His posture stayed relaxed, almost detached, signaling distance without outright refusal.
Introductions settled, if that word could be stretched so far, the duel continued. Not with steel, but with intent and observation, tension threading the space between those who remained engaged while the rest chose their silence.
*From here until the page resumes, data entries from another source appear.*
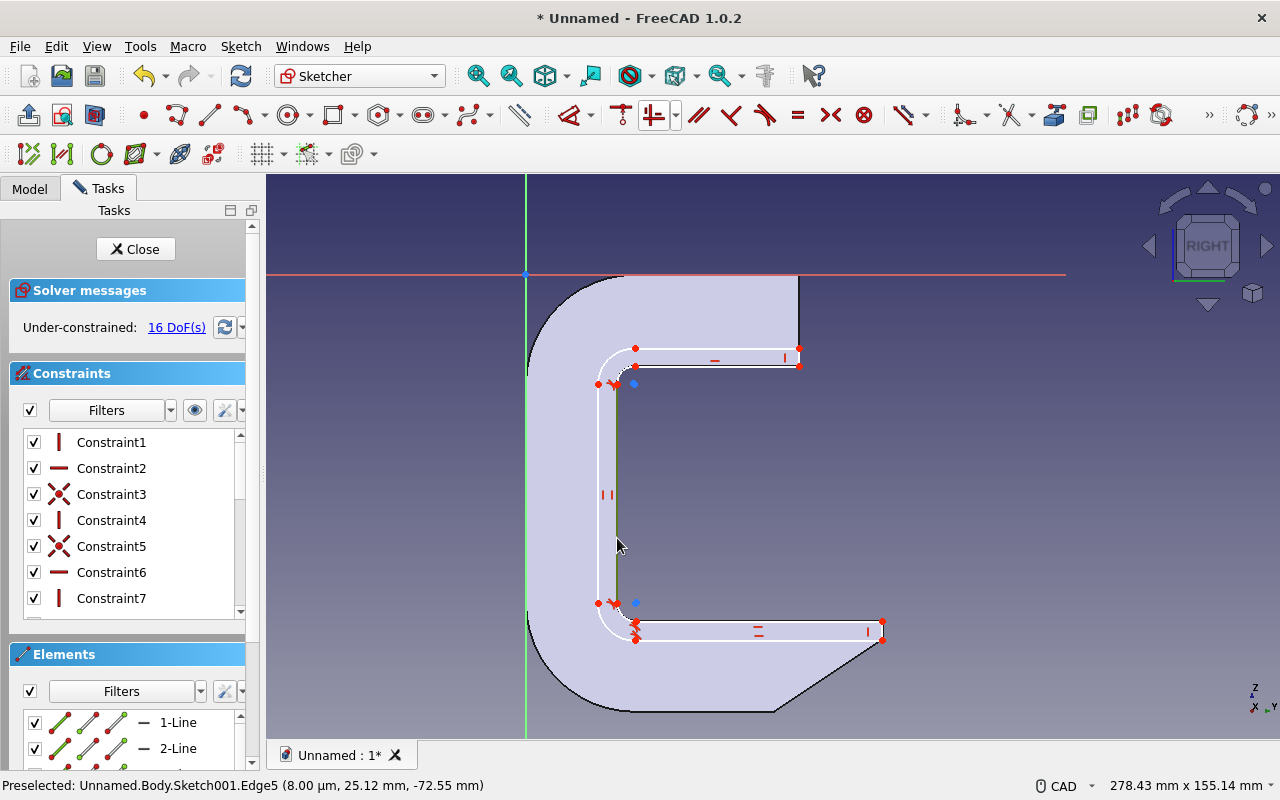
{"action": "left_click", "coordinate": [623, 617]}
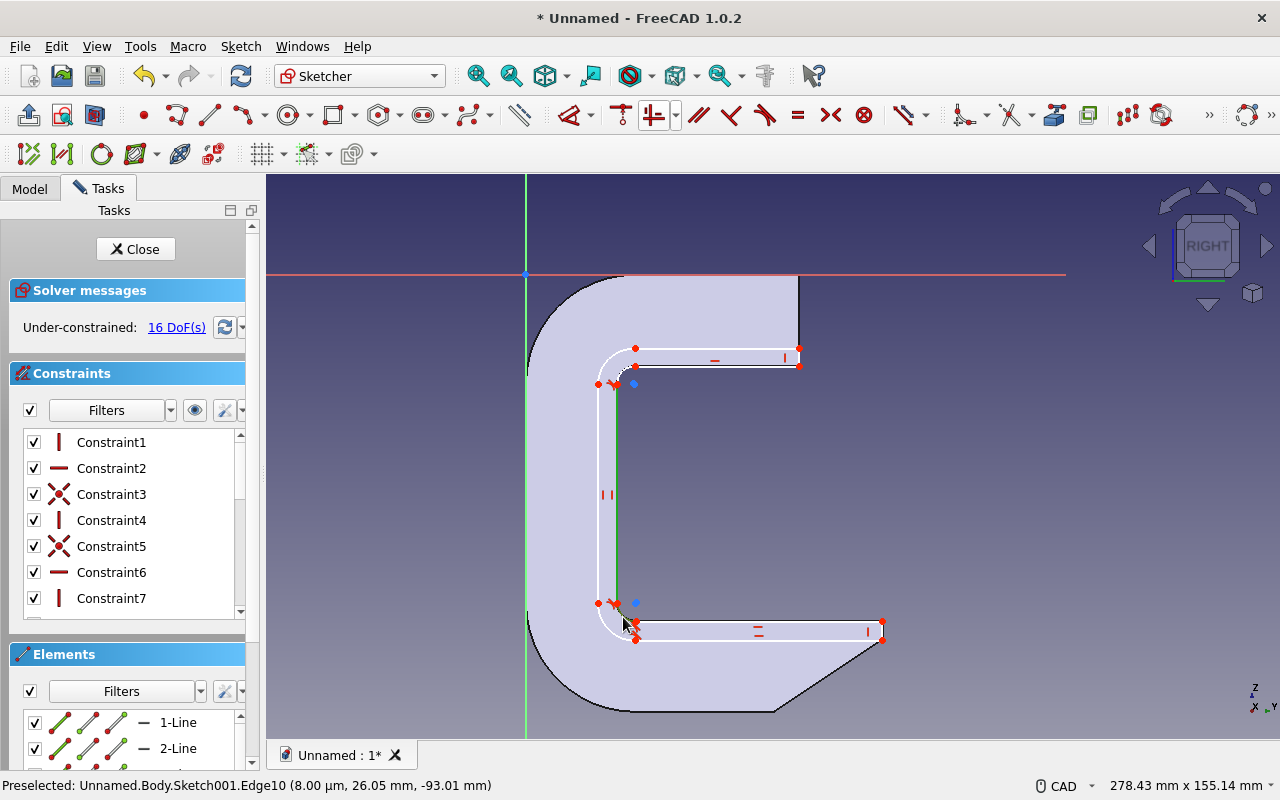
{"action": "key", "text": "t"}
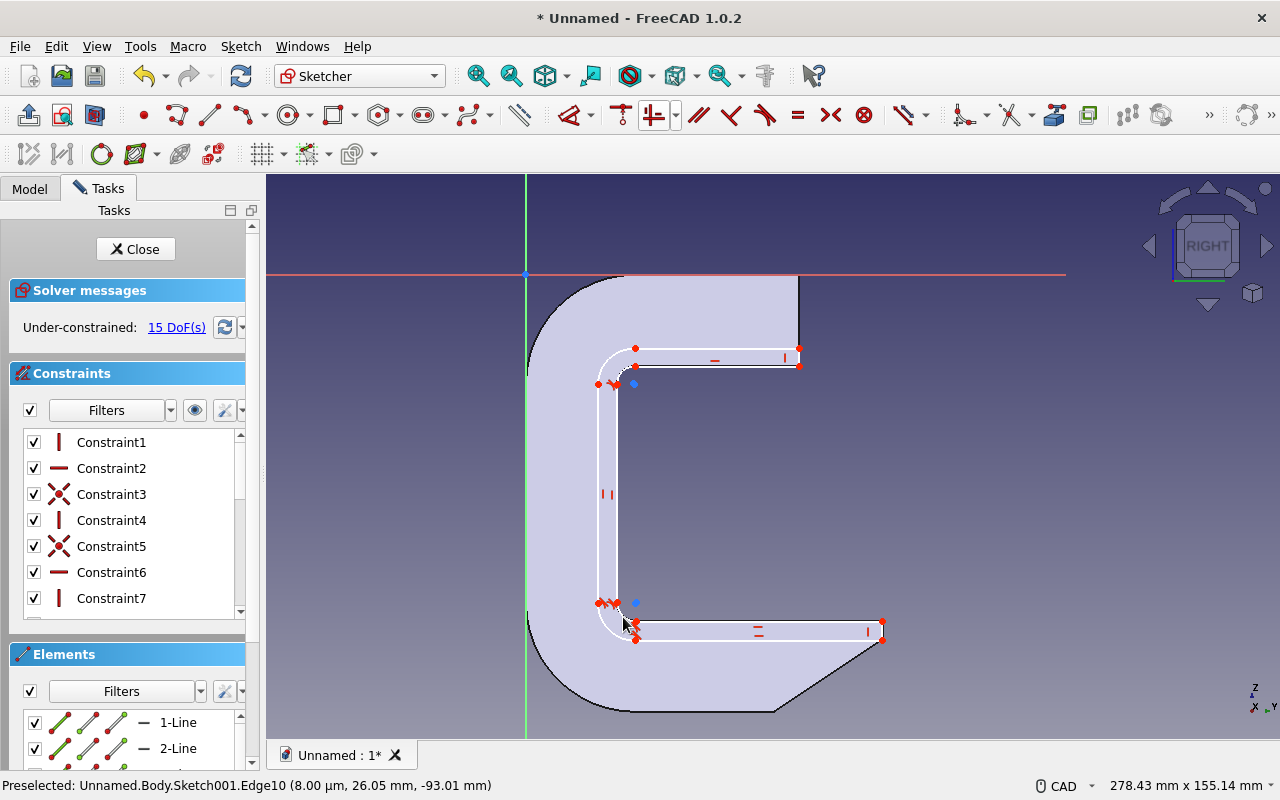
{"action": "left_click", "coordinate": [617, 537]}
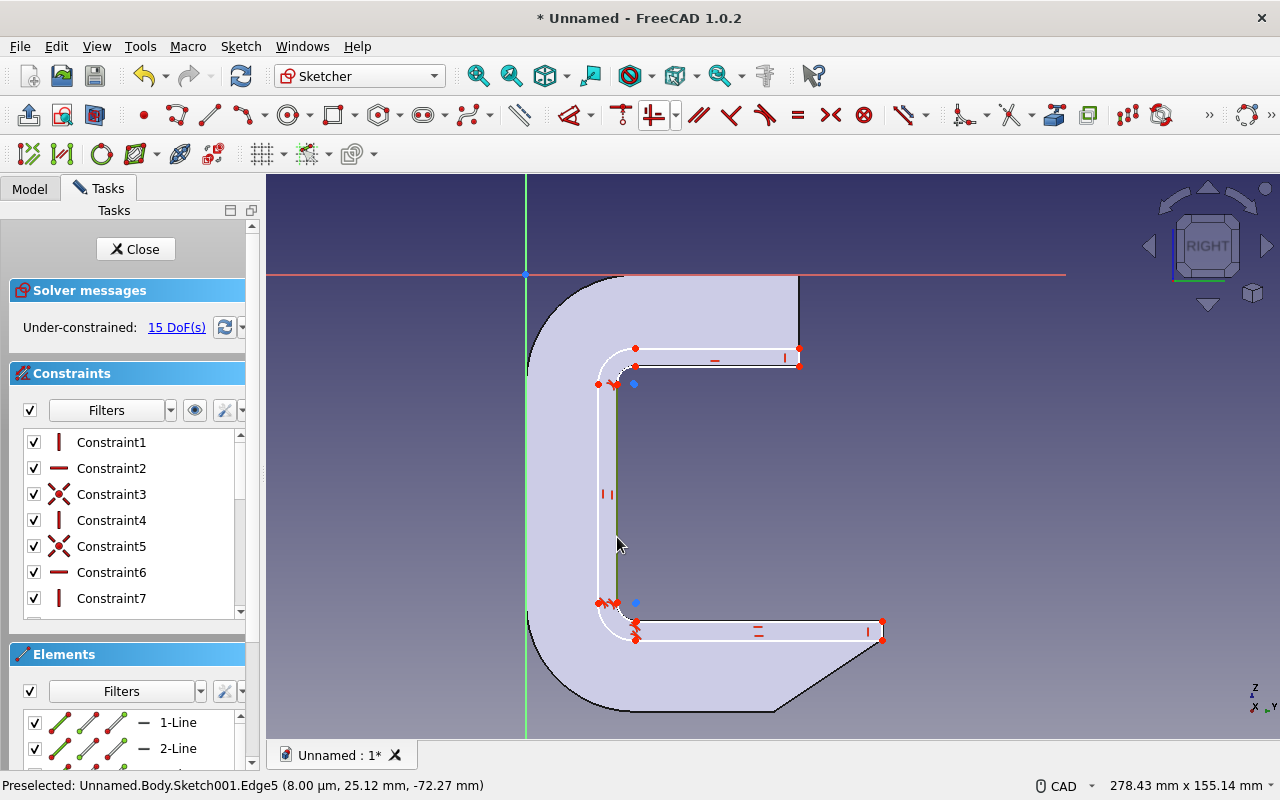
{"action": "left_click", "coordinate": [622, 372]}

Lucien glanced at his cards, keeping them close to his chest, angled so no one could peek.
Only he knew the mess fate had dealt him: the emerald-winged serpent with dazzling strength but brittle defense; the silver knight stoic behind his shield, immovable yet offensively useless; and, gods help him, the jellyfish, translucent, pathetic, a dead weight that dragged down every possible play.
‘I suppose I can't make any play without swapping the jellyfish, but I can only draw twice. Will this be worth it?’
He rubbed the edge of the jellyfish card, jaw tightening.
‘I can’t win with this hand. I need to risk the swap.’
His fingers hovered over the remaining cards of the deck.
Across from him, Vivien’s eyes sharpened like a hawk’s.
She could not see his hand, yet the faintest hesitation was enough to set her thoughts ablaze.
‘He’s swapping. Why? Was his hand truly that poor? Or is this performance meant to unnerve me? A weak hand means the new card could tip the entire match. Unless it’s a bluff. Unless he wants me to overthink. Curse it- what if he draws a Legendary? What if he aligns it with some hidden piece and forces me into a corner? Or worse- what if he wants me to believe he’s desperate, only to conceal a perfect spread?’
Her gaze remained perfectly still, mask flawless, while inside her mind every possible outcome tangled into knots.
Lucien finally slid the jellyfish card face-down into the discard and reached for the deck.
One draw.
One chance to salvage the disaster.
He drew.
Turned it over, and froze.
The same jellyfish stared back at him.
“…You have to be kidding,” he muttered under his breath, shoulder sagging.